Damian Thompson Damian Thompson

Bored by Brahms

Craftsmanship can be dangerous for composers. It undermines Mendelssohn's claim to greatness. And it's become the curse of modern classical music

issue 21 November 2015

Brahms’s Clarinet Quintet begins, writes his biographer Jan Swafford, with ‘a gentle, dying-away roulade that raises a veil of autumnal melancholy over the whole piece: the evanescent sweet-sadness of autumn, beautiful in its dying’.

This being late autumn, I listened to the quintet on Sunday to see if its ‘distillation of Brahmsian yearning’ still made an overwhelming impression on me. It did. I swear these are the most miserable 35 minutes in classical music.
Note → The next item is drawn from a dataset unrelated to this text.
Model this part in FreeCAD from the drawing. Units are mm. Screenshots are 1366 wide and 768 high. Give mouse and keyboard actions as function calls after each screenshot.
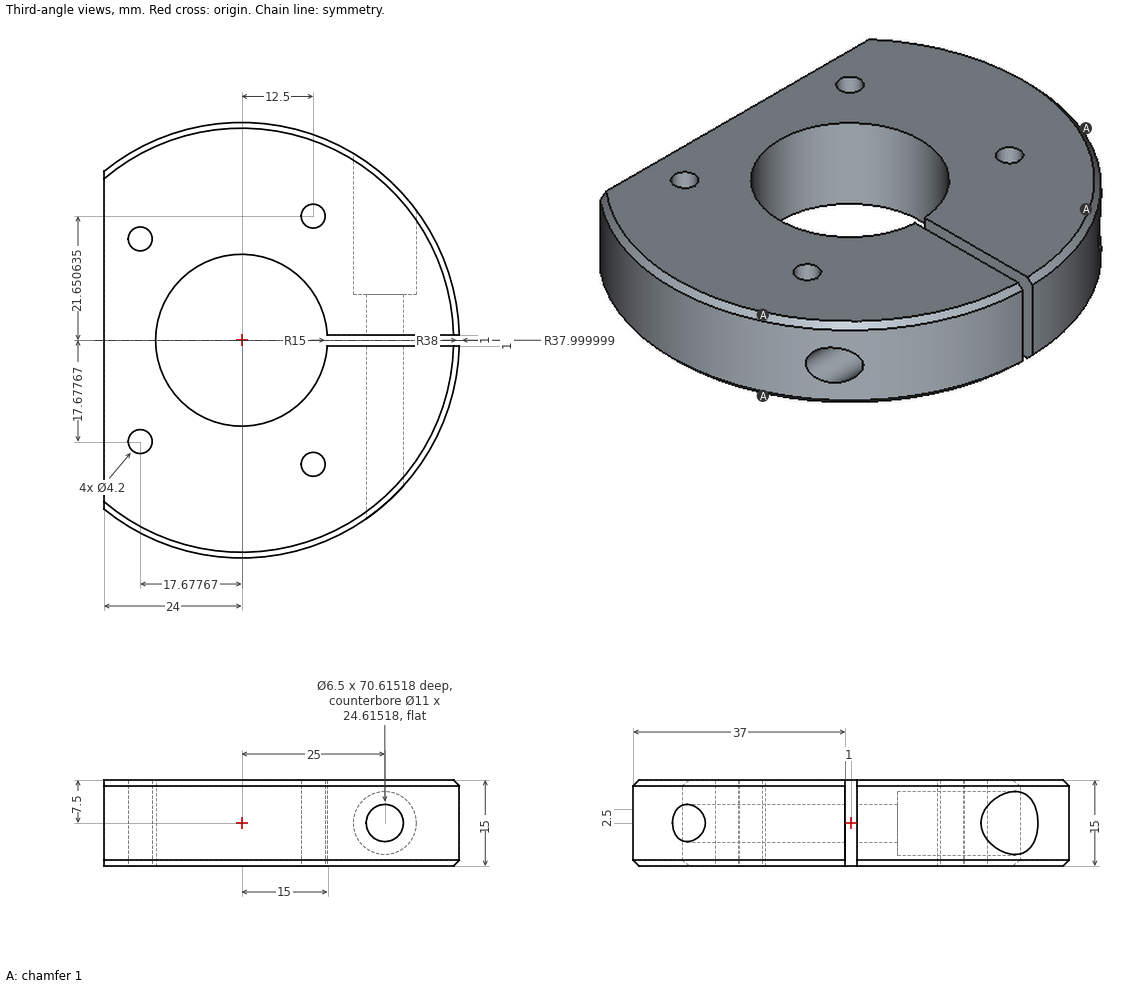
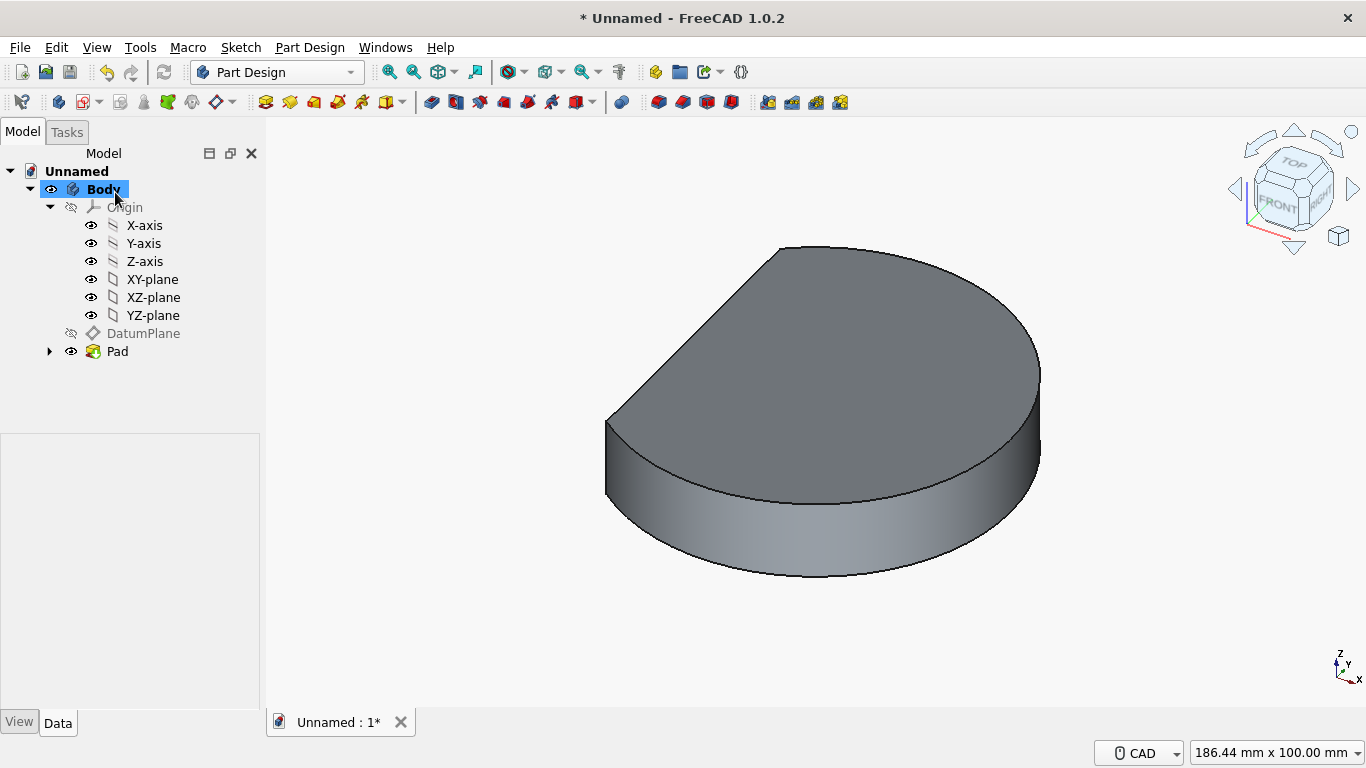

One critic refers admiringly to the display of ‘every super-refined shade of silver-grey regret’. But that’s the problem. The ageing Brahms — obese, cantankerous, his spirits lowered by the deaths of friends and undiagnosed cancer — sets about depressing his audience with the precision of a genius (which he was). No sooner has the clarinet soared than it finds a clever way to snake down the stave, slithering through the elegant droopy twiddling of the strings. Every movement sounds much the same to me, but that’s a heresy that lovers of the work — and they are countless — think they can refute just by pointing at the score, where Brahms tweaks the counterpoint and crops the phrases so that there’s always something new happening.

And so the old boy gets away with forcing his mood on us, whereas when Mahler does it we wince at his self-pity.